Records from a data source
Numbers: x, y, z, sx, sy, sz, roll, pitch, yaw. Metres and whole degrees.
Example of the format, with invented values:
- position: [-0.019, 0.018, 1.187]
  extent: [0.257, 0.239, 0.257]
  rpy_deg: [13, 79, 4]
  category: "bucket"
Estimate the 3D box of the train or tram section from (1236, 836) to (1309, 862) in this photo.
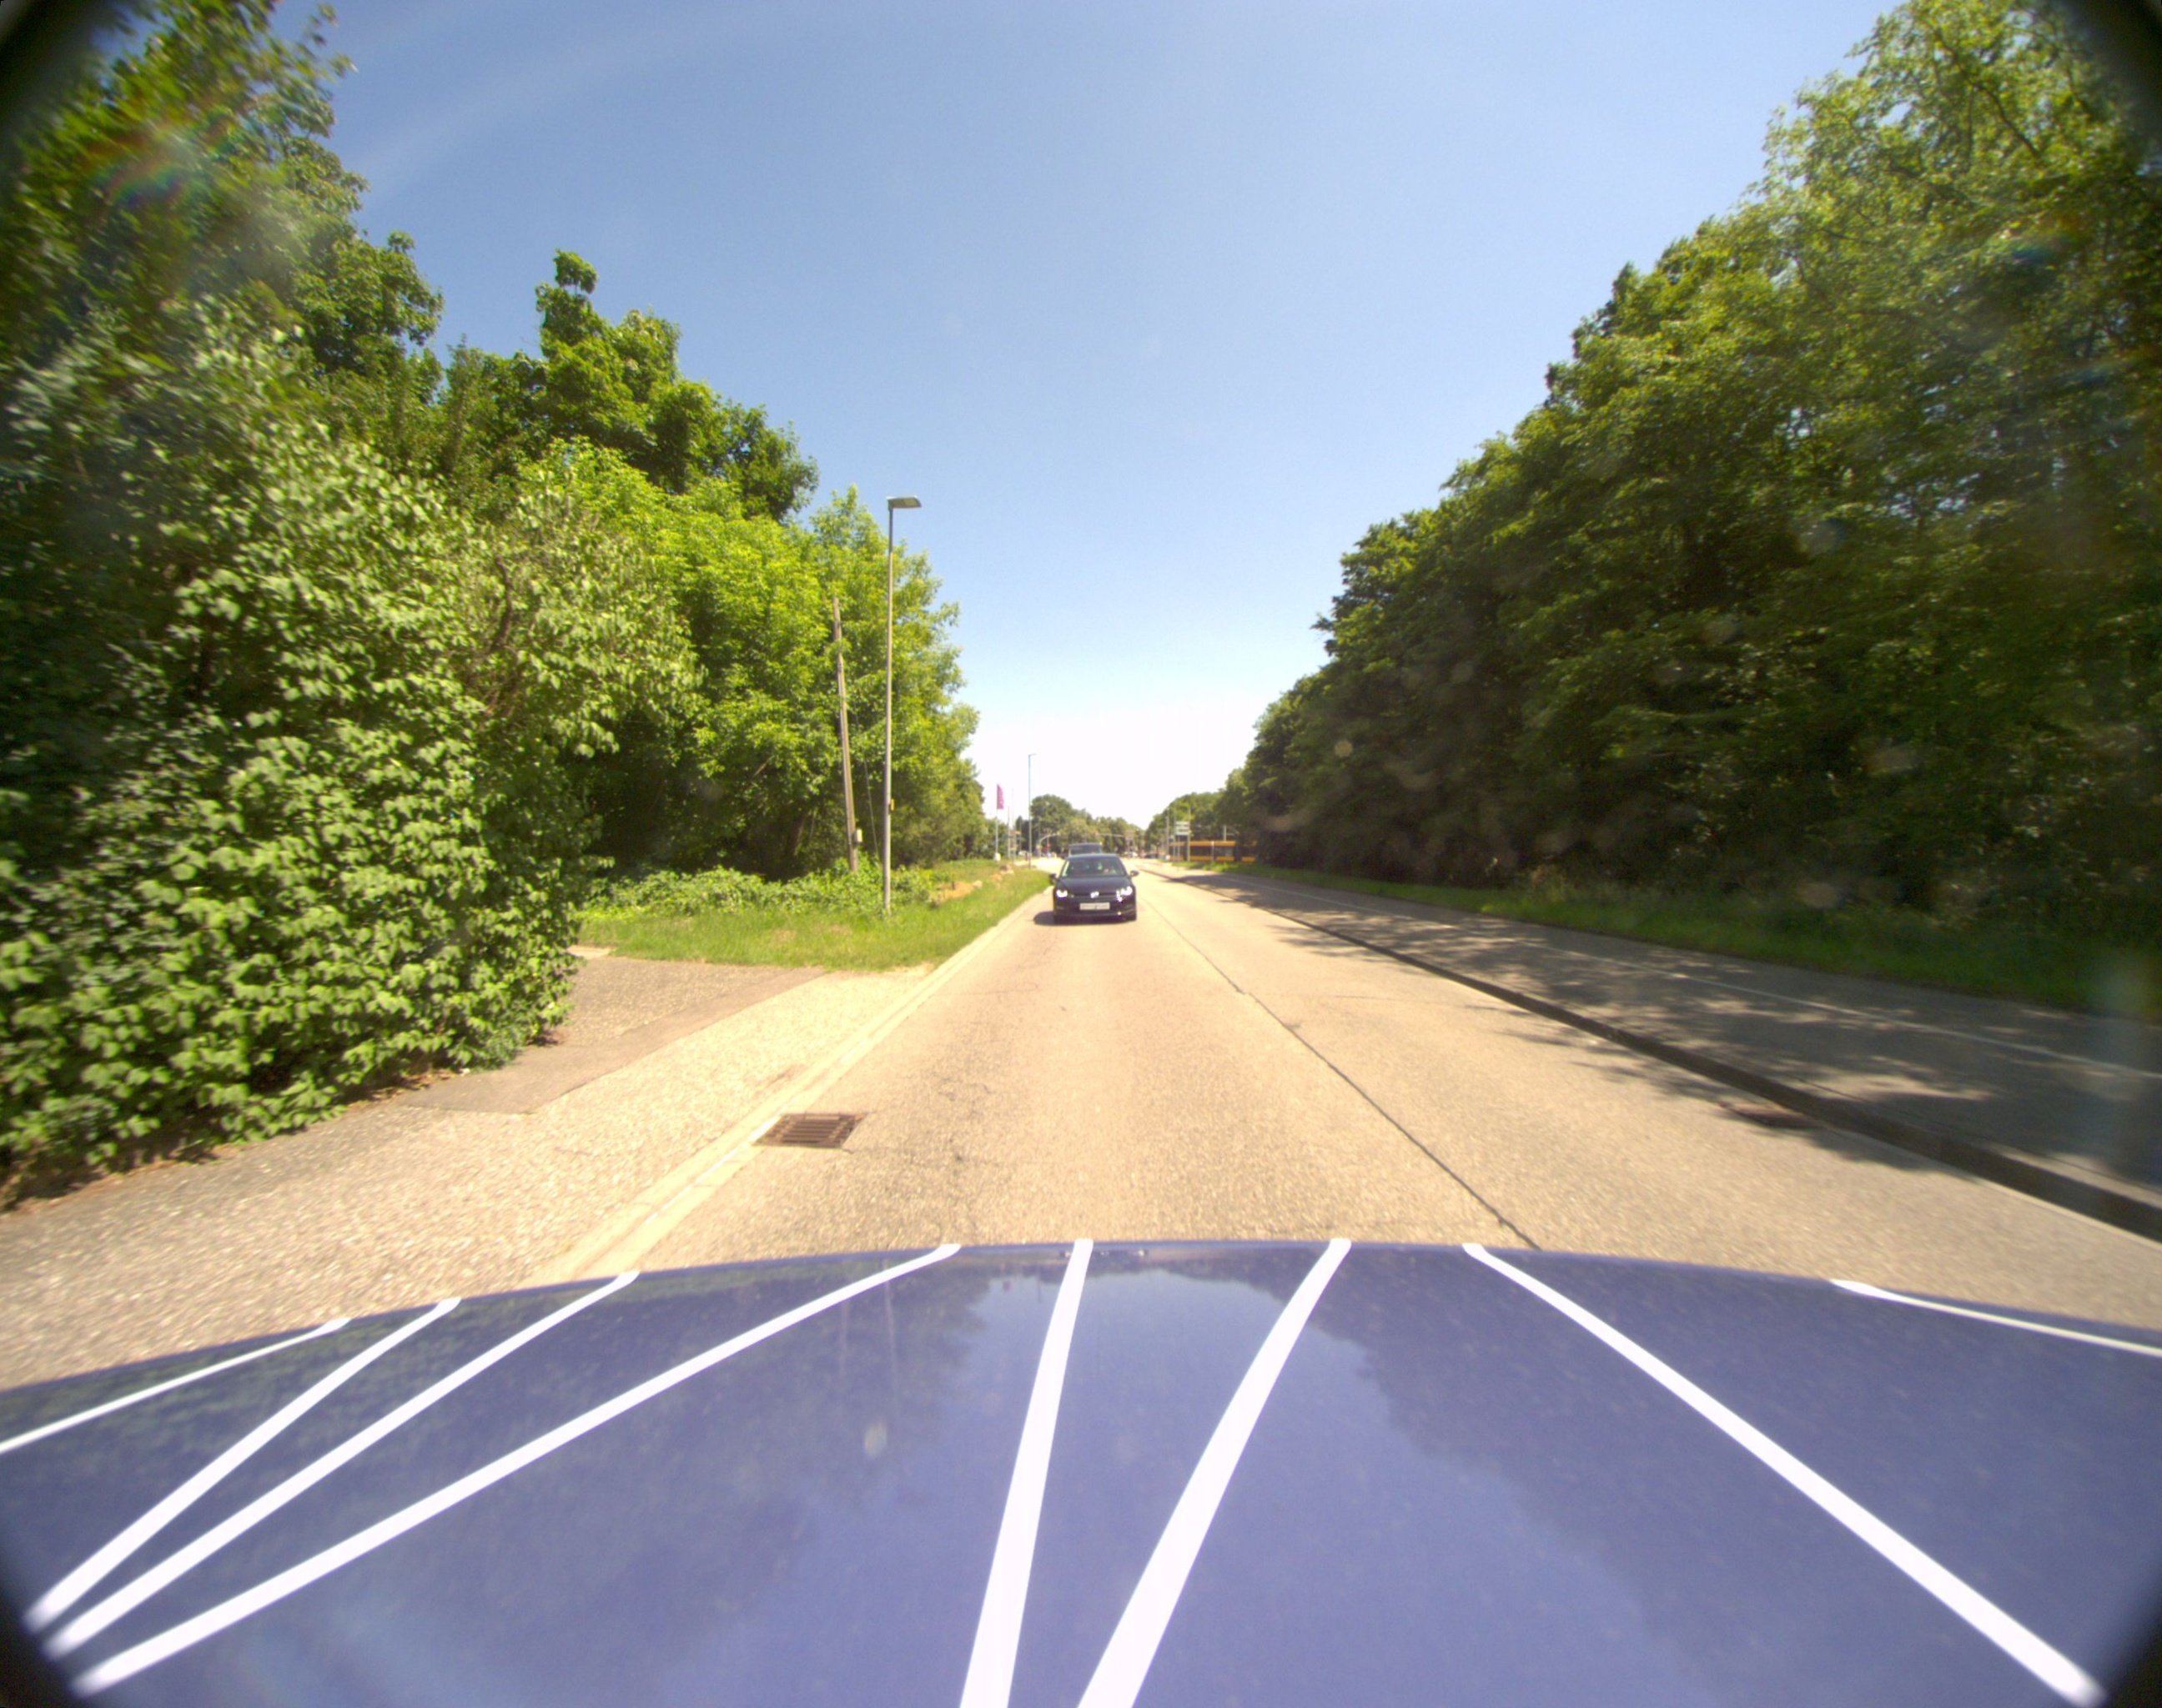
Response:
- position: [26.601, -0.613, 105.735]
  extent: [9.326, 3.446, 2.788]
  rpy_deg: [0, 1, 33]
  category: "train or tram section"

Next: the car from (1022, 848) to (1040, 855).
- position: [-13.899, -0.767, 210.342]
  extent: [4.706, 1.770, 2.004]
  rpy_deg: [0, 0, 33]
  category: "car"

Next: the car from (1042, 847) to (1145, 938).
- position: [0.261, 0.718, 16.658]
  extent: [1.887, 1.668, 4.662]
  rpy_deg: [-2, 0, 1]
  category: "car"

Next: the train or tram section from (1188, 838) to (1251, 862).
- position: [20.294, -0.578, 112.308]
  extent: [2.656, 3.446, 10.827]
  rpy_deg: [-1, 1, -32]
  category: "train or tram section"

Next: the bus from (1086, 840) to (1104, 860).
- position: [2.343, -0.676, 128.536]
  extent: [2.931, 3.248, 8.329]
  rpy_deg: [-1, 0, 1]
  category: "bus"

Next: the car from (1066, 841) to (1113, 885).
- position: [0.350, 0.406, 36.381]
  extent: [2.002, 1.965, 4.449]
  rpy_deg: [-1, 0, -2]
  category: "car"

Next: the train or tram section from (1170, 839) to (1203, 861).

- **Your assignment**
Please reproduce each entry above word for word and keep the pictures out of the copy.

- **Response area**
Numbers: x, y, z, sx, sy, sz, roll, pitch, yaw. Metres and whole degrees.
Example of the format, with invented values:
- position: [-0.019, 0.018, 1.187]
  extent: [0.257, 0.239, 0.257]
  rpy_deg: [13, 79, 4]
  category: "bucket"
Estimate the 3D box of the train or tram section from (1236, 836) to (1309, 862) in this photo.
Response:
- position: [26.601, -0.613, 105.735]
  extent: [9.326, 3.446, 2.788]
  rpy_deg: [0, 1, 33]
  category: "train or tram section"

Next: the car from (1022, 848) to (1040, 855).
- position: [-13.899, -0.767, 210.342]
  extent: [4.706, 1.770, 2.004]
  rpy_deg: [0, 0, 33]
  category: "car"

Next: the car from (1042, 847) to (1145, 938).
- position: [0.261, 0.718, 16.658]
  extent: [1.887, 1.668, 4.662]
  rpy_deg: [-2, 0, 1]
  category: "car"

Next: the train or tram section from (1188, 838) to (1251, 862).
- position: [20.294, -0.578, 112.308]
  extent: [2.656, 3.446, 10.827]
  rpy_deg: [-1, 1, -32]
  category: "train or tram section"

Next: the bus from (1086, 840) to (1104, 860).
- position: [2.343, -0.676, 128.536]
  extent: [2.931, 3.248, 8.329]
  rpy_deg: [-1, 0, 1]
  category: "bus"

Next: the car from (1066, 841) to (1113, 885).
- position: [0.350, 0.406, 36.381]
  extent: [2.002, 1.965, 4.449]
  rpy_deg: [-1, 0, -2]
  category: "car"

Next: the train or tram section from (1170, 839) to (1203, 861).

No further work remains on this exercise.